PMC · DOI: 10.3325/cmj.2025.66.334 · Croatian Medical Journal · 2025-10-01

## TL;DR

This study examines how stopping denosumab treatment affects fracture risk and finds that fractures may occur due to osteoporosis progression, not just treatment discontinuation.

## Contribution

The study provides new insights into fracture risk after denosumab discontinuation and treatment adherence factors in osteoporosis patients.

## Key findings

- Adherent and non-adherent patients had similar fracture risks after denosumab discontinuation.
- Fractures may result from osteoporosis progression rather than a rebound effect from drug withdrawal.
- Unscheduled treatment discontinuation should be avoided to manage osteoporosis effectively.

## Abstract

To assess the prevalence of fragility fractures after denosumab discontinuation and to identify the factors affecting treatment adherence.

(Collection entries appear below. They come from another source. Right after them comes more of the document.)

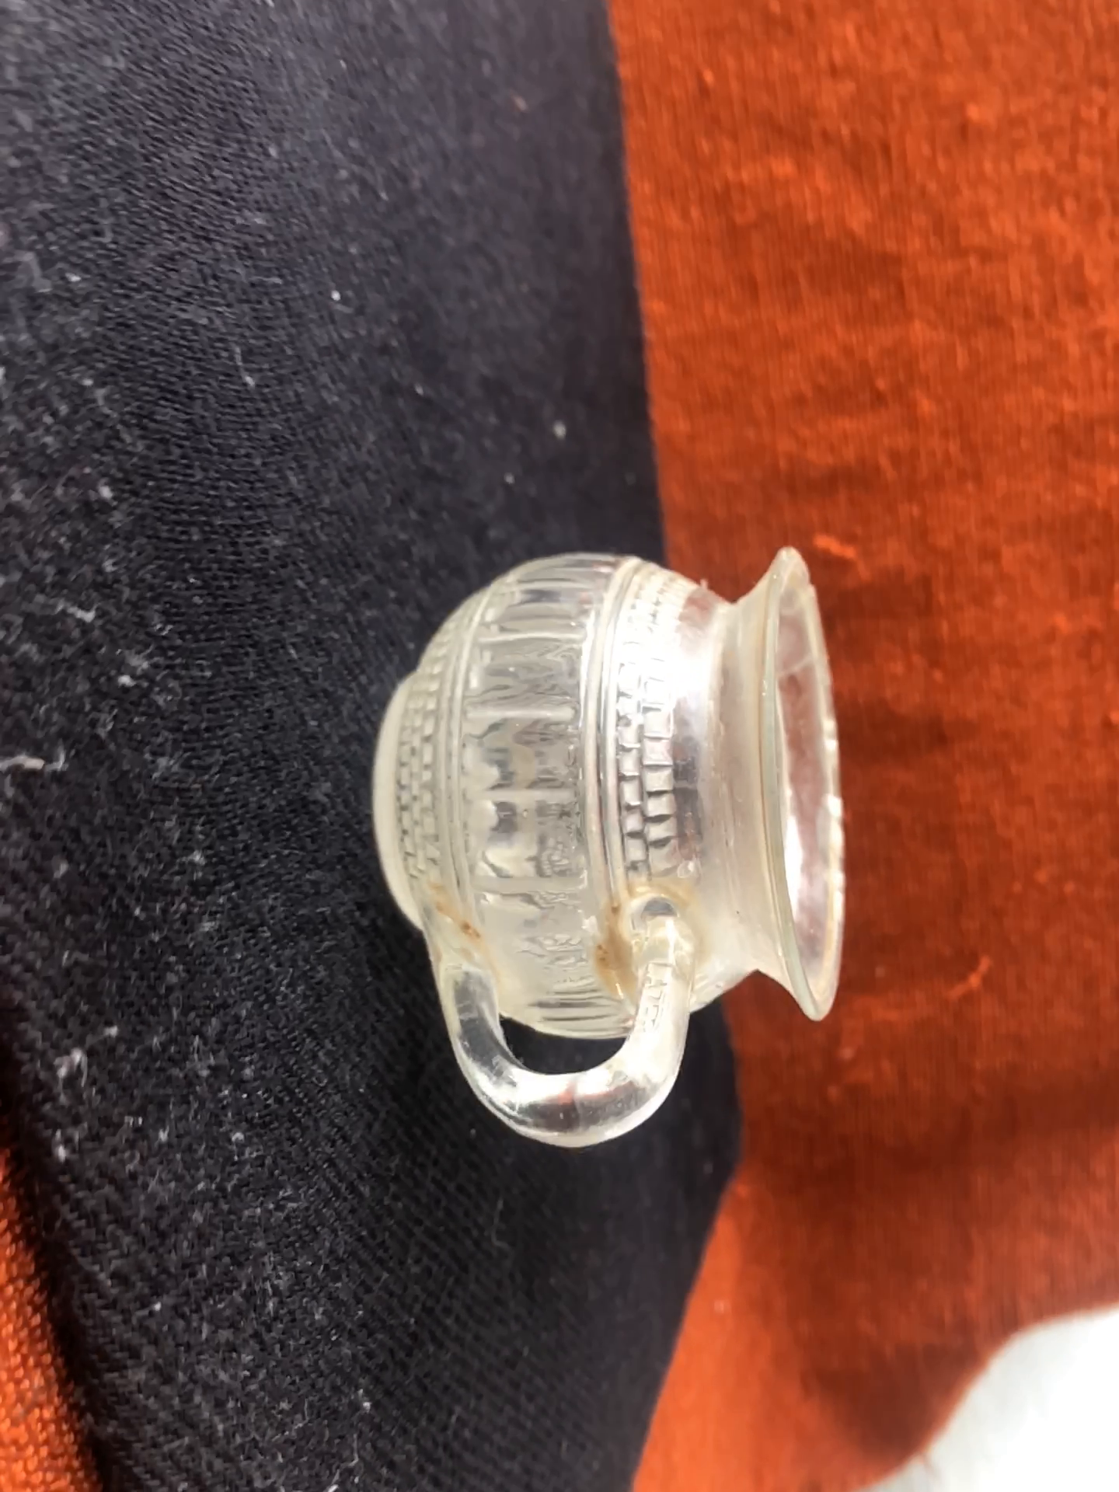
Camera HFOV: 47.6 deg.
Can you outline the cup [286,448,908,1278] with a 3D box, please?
[{"bbox_3d":[0.014,0.020,0.180,0.070,0.060,0.090,59,32,-54],"label":"cup"}]
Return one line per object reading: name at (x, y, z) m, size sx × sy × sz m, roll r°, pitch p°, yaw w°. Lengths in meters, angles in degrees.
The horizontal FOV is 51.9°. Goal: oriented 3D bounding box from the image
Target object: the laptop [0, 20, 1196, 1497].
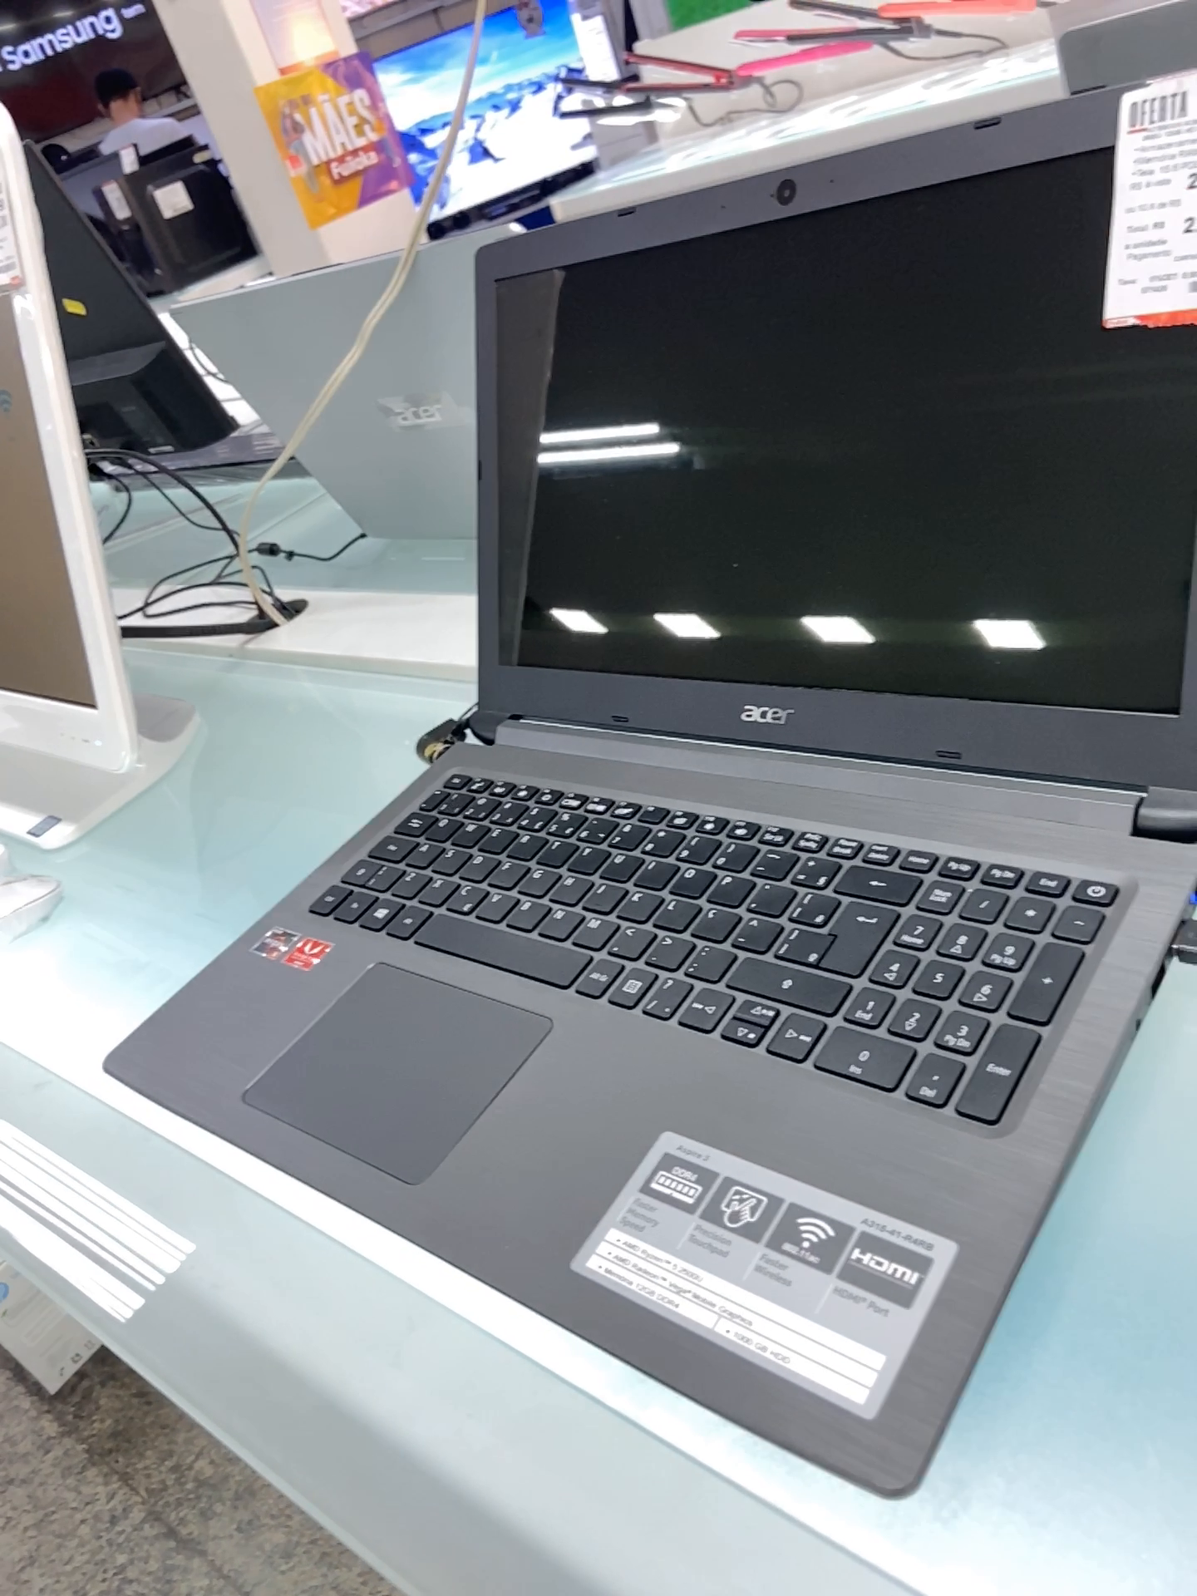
laptop at (0.003, -0.060, 0.418) m, size 0.341 × 0.194 × 0.354 m, roll 9°, pitch 43°, yaw 41°
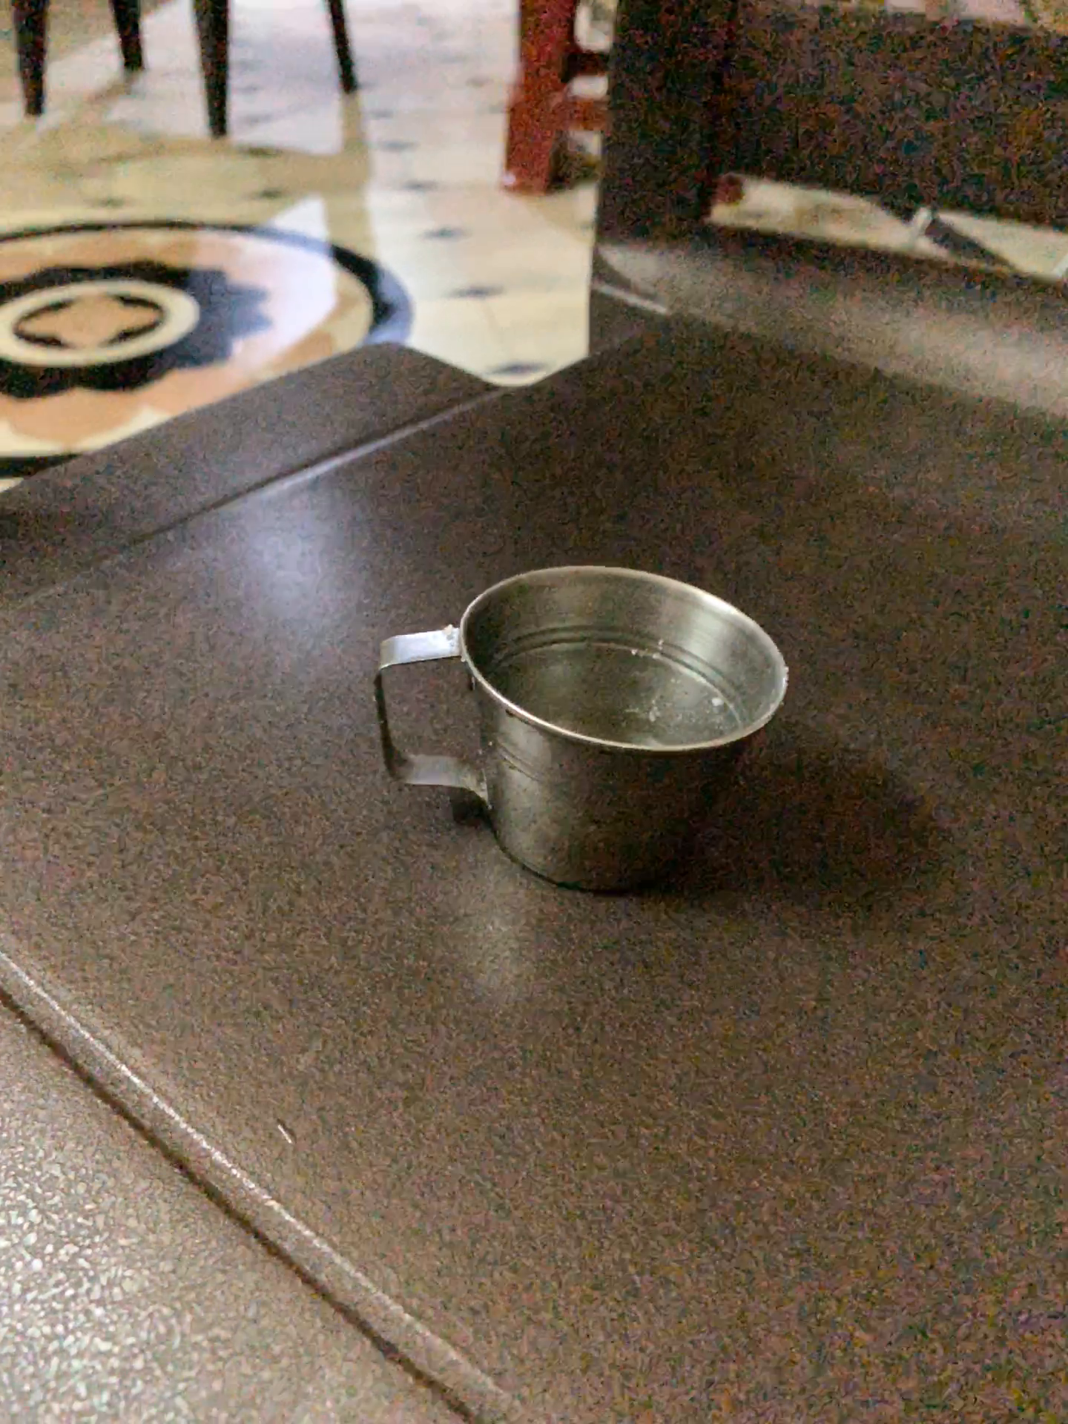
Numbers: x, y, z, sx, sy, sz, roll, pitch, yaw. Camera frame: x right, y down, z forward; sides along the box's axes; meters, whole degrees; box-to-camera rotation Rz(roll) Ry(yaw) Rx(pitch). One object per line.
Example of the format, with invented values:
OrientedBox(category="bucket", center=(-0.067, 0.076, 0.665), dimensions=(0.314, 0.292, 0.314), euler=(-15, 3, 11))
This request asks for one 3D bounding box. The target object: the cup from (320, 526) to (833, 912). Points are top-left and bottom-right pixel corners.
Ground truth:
OrientedBox(category="cup", center=(0.005, 0.000, 0.209), dimensions=(0.080, 0.040, 0.060), euler=(2, 41, -4))
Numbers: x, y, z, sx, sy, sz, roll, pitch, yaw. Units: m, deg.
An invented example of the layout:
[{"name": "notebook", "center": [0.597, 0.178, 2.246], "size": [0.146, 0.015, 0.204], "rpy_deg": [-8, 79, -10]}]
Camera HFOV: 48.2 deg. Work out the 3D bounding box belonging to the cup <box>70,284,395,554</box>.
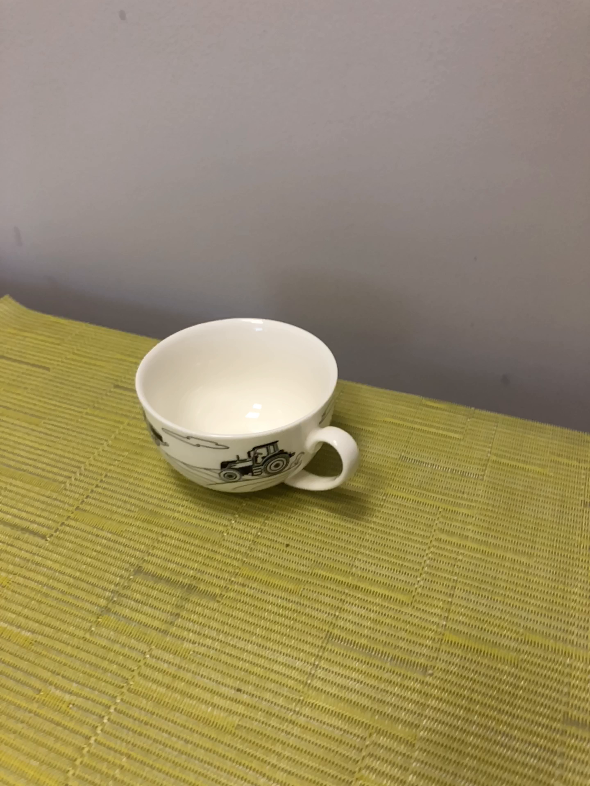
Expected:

We retrospectively reviewed the medical records of 3876 osteoporosis patients who were treated with denosumab at Trakya University Osteoporosis Clinic between 2015 and 2021. A total of 210 patients who received at least two regular doses of denosumab were eligible for inclusion. Patients were categorized as denosumab-adherent and denosumab-non-adherent. Adherence was defined as receiving the six-month scheduled dose with a maximum delay of up to eight weeks.

Overall, 124 (59.05%) patients were denosumab-adherent and 86 patients (40.95%) were denosumab-non-adherent. New fragility fractures were identified in 32 patients: 17 in the denosumab-adherent group and 15 in the denosumab-non-adherent group. The groups did not significantly differ in the risk or types of new fractures, irrespective of patients’ fracture history.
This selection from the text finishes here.